Stored data entries:

**********

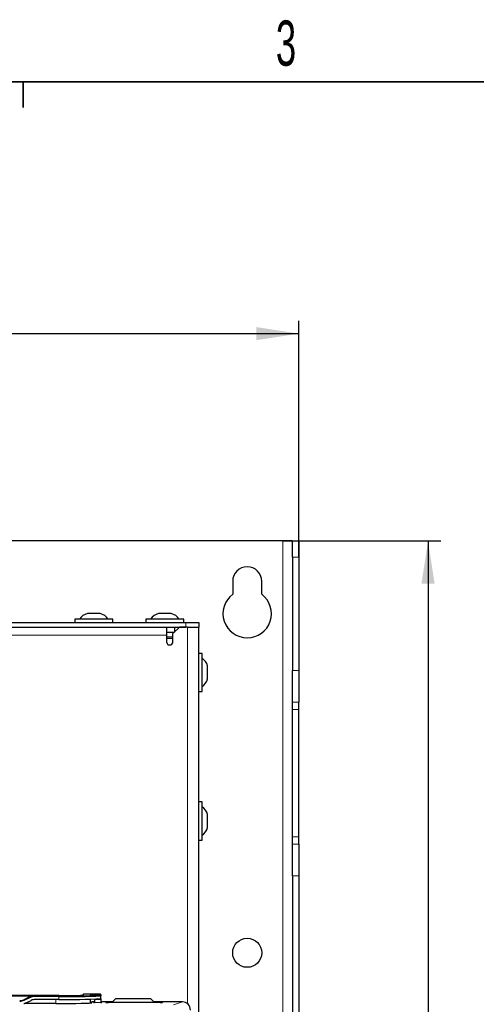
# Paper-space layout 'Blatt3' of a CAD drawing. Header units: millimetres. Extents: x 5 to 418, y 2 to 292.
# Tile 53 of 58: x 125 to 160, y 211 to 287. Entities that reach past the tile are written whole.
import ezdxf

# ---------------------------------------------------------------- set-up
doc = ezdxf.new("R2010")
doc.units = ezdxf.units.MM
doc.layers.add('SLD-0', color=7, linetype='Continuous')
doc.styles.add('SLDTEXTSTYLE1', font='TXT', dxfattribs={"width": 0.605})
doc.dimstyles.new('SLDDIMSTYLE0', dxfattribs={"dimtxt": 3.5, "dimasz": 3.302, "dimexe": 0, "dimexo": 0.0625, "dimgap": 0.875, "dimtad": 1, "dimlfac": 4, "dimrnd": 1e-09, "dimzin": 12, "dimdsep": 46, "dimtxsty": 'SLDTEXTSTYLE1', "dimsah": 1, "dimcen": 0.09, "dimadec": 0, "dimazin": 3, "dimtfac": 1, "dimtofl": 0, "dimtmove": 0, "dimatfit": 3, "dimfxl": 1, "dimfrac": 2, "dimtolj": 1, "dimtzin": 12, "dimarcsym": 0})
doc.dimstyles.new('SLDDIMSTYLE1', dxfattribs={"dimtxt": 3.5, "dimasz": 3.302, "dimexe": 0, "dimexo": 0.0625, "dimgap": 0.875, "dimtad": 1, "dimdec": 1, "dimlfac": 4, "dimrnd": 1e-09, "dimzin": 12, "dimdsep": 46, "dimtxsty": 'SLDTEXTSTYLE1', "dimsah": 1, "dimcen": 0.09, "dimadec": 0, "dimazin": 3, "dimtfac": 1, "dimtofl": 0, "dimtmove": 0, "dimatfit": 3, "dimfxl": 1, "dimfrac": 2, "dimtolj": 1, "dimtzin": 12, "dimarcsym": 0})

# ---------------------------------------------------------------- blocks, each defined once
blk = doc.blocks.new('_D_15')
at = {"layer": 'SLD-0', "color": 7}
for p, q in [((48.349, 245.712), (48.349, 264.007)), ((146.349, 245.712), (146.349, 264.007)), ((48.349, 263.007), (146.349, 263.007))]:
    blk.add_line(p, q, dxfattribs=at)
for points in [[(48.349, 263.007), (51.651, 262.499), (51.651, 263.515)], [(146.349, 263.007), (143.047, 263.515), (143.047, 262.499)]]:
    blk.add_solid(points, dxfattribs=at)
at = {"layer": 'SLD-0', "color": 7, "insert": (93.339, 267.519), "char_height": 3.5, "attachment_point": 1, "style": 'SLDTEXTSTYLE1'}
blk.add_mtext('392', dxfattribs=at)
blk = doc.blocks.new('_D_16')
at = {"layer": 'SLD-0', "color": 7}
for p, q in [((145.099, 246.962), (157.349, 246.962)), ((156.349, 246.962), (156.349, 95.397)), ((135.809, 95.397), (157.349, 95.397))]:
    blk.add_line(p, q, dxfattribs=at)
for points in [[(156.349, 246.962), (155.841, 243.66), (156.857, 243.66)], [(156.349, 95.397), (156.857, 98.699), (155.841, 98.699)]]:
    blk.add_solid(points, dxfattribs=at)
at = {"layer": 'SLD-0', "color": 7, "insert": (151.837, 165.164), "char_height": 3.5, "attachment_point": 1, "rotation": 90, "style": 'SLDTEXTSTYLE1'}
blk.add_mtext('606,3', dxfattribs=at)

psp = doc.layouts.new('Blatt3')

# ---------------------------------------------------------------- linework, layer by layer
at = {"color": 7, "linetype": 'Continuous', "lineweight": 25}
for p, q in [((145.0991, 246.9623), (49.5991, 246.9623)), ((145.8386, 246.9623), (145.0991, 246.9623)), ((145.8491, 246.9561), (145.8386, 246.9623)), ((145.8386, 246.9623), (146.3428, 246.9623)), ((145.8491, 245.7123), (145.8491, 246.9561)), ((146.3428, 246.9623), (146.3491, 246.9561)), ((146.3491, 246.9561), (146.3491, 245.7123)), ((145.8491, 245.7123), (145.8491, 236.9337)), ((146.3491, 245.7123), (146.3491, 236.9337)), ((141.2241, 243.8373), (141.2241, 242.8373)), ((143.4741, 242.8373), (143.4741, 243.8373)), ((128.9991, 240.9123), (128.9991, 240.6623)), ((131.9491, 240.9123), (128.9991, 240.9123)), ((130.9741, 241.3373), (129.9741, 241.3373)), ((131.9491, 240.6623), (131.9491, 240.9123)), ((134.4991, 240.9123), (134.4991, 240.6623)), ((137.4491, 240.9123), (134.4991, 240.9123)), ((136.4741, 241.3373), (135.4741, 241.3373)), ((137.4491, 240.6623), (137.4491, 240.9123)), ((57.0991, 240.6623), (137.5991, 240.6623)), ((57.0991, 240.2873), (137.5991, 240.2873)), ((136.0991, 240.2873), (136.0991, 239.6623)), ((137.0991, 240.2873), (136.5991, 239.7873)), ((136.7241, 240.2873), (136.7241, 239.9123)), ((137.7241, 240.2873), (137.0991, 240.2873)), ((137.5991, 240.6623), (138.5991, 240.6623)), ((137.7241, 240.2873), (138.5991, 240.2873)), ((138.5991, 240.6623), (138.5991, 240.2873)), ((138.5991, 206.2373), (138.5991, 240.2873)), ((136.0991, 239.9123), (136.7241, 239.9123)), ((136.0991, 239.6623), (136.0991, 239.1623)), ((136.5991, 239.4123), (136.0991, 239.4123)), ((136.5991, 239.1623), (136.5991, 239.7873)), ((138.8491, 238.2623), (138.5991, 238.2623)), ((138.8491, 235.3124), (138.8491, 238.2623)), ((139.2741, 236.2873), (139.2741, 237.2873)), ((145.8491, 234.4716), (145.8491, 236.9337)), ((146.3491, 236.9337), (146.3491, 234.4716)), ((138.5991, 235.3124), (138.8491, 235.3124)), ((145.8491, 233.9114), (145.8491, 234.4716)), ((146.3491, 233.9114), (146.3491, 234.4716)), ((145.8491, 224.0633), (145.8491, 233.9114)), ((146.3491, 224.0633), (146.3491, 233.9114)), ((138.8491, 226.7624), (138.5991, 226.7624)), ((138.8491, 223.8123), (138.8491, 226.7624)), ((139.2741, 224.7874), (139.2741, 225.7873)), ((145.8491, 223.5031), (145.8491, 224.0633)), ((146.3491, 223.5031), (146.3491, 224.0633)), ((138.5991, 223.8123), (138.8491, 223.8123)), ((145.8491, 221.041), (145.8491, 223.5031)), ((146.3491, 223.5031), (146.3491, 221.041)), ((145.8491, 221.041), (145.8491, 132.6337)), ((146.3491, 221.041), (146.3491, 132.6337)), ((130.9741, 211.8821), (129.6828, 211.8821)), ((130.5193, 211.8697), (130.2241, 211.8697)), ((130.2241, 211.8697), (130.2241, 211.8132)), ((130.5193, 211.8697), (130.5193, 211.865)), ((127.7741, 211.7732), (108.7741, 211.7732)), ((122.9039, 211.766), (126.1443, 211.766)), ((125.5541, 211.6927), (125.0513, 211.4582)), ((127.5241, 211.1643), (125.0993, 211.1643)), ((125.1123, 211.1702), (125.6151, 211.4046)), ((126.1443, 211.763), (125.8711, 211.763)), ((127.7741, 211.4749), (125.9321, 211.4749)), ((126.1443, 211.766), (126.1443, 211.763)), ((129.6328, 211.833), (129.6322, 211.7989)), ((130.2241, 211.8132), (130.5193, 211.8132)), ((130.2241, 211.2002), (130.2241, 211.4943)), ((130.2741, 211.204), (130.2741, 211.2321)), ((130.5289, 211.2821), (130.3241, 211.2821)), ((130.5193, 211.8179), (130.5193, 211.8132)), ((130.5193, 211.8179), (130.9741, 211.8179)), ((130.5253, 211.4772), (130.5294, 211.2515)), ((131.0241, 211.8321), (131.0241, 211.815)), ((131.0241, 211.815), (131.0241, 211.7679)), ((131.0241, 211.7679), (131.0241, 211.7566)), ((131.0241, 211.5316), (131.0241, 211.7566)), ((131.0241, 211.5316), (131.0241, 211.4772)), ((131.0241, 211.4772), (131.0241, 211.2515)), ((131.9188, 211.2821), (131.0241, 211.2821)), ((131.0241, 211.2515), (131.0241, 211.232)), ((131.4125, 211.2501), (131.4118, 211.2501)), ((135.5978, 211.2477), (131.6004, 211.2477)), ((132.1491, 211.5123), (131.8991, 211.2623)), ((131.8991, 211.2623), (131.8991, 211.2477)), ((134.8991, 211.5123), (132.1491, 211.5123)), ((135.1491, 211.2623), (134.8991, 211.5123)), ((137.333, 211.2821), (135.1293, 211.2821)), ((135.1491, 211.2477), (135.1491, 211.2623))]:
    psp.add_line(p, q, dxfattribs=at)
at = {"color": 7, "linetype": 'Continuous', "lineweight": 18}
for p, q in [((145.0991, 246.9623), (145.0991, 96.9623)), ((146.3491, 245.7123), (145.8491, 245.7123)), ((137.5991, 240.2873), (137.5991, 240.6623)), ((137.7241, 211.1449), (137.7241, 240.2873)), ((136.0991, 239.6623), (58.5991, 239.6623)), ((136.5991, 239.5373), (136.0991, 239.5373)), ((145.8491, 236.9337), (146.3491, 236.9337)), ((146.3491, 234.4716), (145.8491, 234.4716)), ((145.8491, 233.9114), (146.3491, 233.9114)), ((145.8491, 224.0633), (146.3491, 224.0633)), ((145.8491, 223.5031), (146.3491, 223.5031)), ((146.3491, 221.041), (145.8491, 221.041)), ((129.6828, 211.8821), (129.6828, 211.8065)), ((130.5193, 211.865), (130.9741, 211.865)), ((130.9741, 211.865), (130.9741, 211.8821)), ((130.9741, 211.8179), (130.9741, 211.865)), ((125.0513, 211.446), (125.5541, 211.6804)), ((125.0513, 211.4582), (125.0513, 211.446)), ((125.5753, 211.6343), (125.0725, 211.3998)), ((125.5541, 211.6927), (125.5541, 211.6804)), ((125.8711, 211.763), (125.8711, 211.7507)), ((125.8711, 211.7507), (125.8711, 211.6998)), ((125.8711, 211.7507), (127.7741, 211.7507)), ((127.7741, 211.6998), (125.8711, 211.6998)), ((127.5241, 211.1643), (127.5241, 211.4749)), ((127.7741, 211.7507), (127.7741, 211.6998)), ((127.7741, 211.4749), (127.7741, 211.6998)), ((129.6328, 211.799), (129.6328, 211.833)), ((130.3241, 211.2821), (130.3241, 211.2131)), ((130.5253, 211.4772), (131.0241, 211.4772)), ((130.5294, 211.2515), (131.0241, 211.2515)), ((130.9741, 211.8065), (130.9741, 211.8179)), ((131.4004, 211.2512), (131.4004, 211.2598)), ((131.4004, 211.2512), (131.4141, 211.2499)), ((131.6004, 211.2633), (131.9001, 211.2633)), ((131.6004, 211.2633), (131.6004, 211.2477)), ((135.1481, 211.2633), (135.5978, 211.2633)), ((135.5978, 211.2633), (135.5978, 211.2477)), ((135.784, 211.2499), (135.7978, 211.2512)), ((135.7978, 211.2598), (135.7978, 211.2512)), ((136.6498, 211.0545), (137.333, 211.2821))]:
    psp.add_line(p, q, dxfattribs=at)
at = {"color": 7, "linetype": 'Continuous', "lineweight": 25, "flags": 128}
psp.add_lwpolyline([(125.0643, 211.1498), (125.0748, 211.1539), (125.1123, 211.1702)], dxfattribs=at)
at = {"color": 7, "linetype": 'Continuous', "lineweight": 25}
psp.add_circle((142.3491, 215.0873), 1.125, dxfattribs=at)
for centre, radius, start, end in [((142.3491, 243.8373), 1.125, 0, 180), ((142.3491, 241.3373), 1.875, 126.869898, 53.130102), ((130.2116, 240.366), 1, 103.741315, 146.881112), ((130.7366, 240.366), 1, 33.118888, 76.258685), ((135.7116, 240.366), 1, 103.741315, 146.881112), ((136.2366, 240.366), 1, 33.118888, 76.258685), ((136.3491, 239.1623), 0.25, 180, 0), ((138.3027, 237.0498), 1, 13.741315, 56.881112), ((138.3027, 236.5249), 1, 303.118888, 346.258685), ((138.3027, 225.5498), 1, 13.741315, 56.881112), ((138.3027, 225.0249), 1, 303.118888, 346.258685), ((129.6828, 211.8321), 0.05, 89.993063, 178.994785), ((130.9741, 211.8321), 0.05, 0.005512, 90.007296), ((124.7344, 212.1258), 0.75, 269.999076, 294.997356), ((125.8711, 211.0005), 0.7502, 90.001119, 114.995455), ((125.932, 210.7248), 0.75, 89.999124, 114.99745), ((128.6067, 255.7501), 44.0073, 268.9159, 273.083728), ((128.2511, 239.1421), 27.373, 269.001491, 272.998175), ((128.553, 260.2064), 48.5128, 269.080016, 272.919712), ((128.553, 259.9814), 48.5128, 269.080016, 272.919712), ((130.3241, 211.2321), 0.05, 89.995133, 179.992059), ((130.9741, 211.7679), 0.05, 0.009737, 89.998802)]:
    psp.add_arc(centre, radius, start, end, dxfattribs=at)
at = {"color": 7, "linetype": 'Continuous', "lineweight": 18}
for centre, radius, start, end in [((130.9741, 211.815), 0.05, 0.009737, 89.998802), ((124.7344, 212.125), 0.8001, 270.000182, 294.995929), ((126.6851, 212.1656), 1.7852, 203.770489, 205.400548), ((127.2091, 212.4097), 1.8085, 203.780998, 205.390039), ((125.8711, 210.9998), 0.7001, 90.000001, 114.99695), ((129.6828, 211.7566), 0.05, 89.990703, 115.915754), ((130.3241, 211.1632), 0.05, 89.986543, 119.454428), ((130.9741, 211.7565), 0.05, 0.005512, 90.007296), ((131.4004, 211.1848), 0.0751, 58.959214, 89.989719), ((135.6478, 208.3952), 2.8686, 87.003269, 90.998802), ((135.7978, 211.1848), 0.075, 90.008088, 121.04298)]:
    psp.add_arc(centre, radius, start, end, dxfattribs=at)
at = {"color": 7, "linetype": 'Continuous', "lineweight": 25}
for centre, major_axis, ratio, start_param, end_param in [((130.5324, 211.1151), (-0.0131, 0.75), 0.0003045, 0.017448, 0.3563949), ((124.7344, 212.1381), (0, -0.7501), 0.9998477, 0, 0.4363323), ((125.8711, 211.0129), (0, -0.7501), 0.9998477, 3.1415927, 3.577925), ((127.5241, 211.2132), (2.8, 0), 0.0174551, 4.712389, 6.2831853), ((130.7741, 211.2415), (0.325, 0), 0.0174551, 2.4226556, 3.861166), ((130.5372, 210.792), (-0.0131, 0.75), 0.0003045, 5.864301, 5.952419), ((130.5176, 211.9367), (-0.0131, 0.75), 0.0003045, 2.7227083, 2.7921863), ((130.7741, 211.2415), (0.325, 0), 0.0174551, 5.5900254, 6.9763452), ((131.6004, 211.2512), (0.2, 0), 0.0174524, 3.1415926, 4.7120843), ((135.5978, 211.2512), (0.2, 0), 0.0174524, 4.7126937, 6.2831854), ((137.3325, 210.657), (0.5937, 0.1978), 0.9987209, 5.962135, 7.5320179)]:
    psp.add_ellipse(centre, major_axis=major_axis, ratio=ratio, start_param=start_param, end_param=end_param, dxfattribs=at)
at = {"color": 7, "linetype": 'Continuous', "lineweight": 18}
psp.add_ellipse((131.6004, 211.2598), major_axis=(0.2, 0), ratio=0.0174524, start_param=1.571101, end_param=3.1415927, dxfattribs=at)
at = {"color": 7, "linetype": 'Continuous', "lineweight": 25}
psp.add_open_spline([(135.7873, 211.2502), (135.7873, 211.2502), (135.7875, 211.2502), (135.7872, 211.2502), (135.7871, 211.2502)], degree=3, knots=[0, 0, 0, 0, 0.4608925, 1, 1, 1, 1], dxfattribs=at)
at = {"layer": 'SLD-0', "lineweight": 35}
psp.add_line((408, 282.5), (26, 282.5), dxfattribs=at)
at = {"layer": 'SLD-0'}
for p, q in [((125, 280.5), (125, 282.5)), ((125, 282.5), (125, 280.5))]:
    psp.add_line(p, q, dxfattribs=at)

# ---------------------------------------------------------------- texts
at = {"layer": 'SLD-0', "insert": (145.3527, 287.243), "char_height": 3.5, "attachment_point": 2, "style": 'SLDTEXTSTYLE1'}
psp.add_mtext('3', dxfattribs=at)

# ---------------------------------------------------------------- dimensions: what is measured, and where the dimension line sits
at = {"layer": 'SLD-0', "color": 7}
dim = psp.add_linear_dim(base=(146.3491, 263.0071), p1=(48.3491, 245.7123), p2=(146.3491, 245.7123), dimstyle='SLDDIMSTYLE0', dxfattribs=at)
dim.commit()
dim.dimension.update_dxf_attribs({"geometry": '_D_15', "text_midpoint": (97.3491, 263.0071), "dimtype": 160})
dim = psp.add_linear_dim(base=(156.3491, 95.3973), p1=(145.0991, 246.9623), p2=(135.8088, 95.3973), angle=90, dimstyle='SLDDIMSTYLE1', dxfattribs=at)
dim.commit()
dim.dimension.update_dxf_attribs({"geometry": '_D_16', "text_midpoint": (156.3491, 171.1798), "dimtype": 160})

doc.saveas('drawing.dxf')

**********

Directions for this task: Among the records above, repeat exactly the line with "each defined once", the line with "layer by layer", and every line in between, and only those.

Response to this exercise:
# ---------------------------------------------------------------- blocks, each defined once
blk = doc.blocks.new('_D_15')
at = {"layer": 'SLD-0', "color": 7}
for p, q in [((48.349, 245.712), (48.349, 264.007)), ((146.349, 245.712), (146.349, 264.007)), ((48.349, 263.007), (146.349, 263.007))]:
    blk.add_line(p, q, dxfattribs=at)
for points in [[(48.349, 263.007), (51.651, 262.499), (51.651, 263.515)], [(146.349, 263.007), (143.047, 263.515), (143.047, 262.499)]]:
    blk.add_solid(points, dxfattribs=at)
at = {"layer": 'SLD-0', "color": 7, "insert": (93.339, 267.519), "char_height": 3.5, "attachment_point": 1, "style": 'SLDTEXTSTYLE1'}
blk.add_mtext('392', dxfattribs=at)
blk = doc.blocks.new('_D_16')
at = {"layer": 'SLD-0', "color": 7}
for p, q in [((145.099, 246.962), (157.349, 246.962)), ((156.349, 246.962), (156.349, 95.397)), ((135.809, 95.397), (157.349, 95.397))]:
    blk.add_line(p, q, dxfattribs=at)
for points in [[(156.349, 246.962), (155.841, 243.66), (156.857, 243.66)], [(156.349, 95.397), (156.857, 98.699), (155.841, 98.699)]]:
    blk.add_solid(points, dxfattribs=at)
at = {"layer": 'SLD-0', "color": 7, "insert": (151.837, 165.164), "char_height": 3.5, "attachment_point": 1, "rotation": 90, "style": 'SLDTEXTSTYLE1'}
blk.add_mtext('606,3', dxfattribs=at)

psp = doc.layouts.new('Blatt3')

# ---------------------------------------------------------------- linework, layer by layer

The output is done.